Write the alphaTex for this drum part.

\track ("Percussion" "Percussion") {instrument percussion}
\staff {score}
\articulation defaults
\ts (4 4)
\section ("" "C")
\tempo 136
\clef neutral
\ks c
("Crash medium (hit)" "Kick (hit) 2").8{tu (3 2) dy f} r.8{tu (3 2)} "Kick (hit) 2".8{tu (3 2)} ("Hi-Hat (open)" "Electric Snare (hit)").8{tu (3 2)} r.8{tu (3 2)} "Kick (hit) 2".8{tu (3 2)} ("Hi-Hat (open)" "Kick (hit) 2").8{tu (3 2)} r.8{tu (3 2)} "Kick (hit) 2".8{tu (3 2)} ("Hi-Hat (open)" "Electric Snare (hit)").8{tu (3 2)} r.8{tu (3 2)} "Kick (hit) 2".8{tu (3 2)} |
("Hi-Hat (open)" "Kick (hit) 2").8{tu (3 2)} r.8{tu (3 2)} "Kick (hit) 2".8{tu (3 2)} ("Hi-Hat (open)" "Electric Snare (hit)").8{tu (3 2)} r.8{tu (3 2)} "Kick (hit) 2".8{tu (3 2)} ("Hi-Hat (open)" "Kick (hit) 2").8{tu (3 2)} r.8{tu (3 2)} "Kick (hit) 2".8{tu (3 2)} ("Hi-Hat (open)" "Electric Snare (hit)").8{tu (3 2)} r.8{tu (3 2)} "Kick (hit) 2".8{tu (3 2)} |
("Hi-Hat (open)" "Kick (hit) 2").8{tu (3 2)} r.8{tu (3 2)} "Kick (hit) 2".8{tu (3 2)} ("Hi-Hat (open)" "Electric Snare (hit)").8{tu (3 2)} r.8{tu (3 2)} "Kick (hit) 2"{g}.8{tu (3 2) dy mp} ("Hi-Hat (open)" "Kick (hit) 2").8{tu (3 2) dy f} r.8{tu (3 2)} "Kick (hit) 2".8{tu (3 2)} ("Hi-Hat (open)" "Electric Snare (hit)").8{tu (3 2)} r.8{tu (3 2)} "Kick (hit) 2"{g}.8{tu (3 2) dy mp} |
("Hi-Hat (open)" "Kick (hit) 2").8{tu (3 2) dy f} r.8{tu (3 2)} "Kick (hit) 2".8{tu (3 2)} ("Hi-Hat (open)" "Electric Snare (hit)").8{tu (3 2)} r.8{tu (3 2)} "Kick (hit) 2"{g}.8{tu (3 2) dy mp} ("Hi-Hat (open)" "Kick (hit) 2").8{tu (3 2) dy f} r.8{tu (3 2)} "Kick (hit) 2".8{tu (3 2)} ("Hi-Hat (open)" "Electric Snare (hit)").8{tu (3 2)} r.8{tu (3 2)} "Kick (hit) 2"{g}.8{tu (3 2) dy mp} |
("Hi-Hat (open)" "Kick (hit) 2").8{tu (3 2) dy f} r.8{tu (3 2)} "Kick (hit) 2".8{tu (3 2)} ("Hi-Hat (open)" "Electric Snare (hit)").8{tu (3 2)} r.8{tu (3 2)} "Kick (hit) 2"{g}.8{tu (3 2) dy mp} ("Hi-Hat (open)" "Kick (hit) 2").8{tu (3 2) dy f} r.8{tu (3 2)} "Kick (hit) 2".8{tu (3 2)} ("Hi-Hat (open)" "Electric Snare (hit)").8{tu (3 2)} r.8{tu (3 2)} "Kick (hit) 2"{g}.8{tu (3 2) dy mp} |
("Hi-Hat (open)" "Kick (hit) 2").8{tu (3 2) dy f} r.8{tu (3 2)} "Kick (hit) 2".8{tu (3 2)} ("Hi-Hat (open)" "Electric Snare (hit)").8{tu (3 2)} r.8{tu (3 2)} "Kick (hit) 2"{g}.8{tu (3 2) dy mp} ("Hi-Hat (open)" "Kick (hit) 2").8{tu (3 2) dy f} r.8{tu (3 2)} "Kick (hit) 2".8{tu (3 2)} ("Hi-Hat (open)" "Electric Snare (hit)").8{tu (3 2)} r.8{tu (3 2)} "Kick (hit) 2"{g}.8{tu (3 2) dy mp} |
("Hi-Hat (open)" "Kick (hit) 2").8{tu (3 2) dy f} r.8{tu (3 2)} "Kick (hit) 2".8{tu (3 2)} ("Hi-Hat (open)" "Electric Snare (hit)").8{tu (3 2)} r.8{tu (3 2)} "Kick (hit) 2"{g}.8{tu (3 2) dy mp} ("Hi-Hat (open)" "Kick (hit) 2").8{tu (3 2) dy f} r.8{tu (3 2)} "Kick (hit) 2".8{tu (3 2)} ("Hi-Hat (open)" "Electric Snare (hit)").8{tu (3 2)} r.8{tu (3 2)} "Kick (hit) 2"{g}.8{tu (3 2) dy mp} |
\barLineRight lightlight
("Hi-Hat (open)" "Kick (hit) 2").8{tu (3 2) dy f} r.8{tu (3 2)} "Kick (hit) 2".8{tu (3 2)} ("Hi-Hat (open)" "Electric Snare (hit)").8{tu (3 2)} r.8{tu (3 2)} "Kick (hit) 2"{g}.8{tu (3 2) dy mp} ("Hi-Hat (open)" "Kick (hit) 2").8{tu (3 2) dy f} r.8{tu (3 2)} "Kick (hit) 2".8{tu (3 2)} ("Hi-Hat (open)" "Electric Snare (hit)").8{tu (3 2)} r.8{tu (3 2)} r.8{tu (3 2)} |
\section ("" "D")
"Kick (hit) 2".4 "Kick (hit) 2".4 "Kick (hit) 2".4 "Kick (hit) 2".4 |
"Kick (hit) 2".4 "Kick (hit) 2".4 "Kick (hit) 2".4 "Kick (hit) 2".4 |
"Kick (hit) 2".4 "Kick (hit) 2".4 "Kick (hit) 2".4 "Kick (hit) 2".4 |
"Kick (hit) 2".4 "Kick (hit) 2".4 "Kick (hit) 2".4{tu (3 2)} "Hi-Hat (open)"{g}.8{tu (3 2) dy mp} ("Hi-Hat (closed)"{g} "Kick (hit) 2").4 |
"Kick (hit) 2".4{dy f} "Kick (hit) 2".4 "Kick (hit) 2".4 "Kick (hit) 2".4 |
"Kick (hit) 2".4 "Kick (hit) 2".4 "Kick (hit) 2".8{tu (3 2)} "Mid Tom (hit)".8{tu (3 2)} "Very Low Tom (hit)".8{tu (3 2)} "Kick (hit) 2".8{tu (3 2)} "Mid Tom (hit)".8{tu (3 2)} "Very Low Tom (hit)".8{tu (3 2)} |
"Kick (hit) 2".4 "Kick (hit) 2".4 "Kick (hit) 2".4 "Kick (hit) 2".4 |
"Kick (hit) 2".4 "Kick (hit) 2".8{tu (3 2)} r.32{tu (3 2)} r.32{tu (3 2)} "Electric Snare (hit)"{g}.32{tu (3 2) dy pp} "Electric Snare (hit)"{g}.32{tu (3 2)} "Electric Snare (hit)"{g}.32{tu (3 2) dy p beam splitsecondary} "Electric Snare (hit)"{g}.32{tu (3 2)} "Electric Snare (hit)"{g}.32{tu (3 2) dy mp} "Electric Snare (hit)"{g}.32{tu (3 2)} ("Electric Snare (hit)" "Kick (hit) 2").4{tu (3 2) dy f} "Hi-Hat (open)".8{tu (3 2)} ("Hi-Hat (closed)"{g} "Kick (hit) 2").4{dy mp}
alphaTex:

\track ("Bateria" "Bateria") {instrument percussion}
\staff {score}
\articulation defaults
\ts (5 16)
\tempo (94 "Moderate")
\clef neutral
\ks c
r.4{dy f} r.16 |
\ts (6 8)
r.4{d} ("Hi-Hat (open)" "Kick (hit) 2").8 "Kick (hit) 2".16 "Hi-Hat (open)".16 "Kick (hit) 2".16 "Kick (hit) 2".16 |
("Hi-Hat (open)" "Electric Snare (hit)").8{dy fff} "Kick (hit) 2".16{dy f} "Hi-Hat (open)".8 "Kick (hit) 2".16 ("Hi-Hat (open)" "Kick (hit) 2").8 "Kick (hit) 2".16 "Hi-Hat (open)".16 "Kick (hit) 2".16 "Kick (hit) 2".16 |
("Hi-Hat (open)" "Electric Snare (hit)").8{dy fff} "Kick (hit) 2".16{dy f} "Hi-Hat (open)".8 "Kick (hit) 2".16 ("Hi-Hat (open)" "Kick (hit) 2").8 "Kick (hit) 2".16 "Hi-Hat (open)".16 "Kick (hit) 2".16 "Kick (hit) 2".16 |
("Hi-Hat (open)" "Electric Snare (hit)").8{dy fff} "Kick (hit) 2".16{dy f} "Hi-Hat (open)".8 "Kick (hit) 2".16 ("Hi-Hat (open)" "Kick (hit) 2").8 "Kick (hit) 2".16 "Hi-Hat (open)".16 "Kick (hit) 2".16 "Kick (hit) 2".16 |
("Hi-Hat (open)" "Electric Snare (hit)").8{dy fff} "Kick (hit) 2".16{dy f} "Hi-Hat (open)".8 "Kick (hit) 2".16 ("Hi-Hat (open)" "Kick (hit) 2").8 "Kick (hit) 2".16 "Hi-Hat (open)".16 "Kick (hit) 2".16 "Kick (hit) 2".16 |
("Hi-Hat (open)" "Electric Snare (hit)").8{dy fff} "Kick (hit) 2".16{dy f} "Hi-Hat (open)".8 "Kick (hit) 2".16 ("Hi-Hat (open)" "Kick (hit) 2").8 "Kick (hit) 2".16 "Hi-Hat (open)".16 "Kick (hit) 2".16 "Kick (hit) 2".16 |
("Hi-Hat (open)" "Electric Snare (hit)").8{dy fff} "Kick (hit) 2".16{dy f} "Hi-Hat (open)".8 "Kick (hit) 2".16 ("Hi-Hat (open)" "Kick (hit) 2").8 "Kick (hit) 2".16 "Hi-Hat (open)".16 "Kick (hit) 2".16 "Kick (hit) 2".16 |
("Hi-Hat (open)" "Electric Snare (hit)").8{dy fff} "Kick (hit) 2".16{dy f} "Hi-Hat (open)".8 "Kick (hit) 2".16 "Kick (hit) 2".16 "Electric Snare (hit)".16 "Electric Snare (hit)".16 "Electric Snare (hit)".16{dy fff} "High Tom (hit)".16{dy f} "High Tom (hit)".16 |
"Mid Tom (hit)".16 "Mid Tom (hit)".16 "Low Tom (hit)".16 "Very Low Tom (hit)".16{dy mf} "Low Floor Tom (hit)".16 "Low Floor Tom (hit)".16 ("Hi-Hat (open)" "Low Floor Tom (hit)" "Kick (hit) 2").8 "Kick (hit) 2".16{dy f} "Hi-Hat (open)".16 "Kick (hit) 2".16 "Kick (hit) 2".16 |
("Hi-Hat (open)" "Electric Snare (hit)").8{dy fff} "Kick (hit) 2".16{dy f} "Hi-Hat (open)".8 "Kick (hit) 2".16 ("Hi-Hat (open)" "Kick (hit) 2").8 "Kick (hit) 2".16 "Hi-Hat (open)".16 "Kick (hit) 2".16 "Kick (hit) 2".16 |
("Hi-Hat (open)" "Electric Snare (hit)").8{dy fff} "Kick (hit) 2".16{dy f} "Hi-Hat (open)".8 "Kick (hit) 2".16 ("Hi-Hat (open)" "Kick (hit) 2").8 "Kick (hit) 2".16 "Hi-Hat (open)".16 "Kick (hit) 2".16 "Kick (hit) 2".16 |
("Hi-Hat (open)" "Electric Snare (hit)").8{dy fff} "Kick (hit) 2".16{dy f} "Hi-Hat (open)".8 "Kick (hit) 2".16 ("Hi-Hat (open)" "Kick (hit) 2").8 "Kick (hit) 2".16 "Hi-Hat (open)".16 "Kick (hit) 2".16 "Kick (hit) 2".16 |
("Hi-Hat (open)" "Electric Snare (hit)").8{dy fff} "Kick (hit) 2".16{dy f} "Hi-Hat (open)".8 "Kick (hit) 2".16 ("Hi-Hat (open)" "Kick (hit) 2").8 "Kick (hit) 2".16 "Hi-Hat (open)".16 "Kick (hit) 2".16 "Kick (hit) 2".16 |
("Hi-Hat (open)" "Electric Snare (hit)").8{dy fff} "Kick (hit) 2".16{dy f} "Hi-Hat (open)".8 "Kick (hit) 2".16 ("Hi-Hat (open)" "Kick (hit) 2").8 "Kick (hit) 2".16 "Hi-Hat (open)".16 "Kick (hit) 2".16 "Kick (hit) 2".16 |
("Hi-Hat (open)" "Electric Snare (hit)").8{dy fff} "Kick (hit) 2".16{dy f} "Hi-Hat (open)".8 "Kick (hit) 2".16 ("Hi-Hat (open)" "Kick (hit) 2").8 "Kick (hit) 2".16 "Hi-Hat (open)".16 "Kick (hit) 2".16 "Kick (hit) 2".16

┄┄┄┄┄┄┄┄┄┄

Task statement: If a line contains the word "percussion", count it; give the total for the entries above and nothing else.

Solved exercise: 2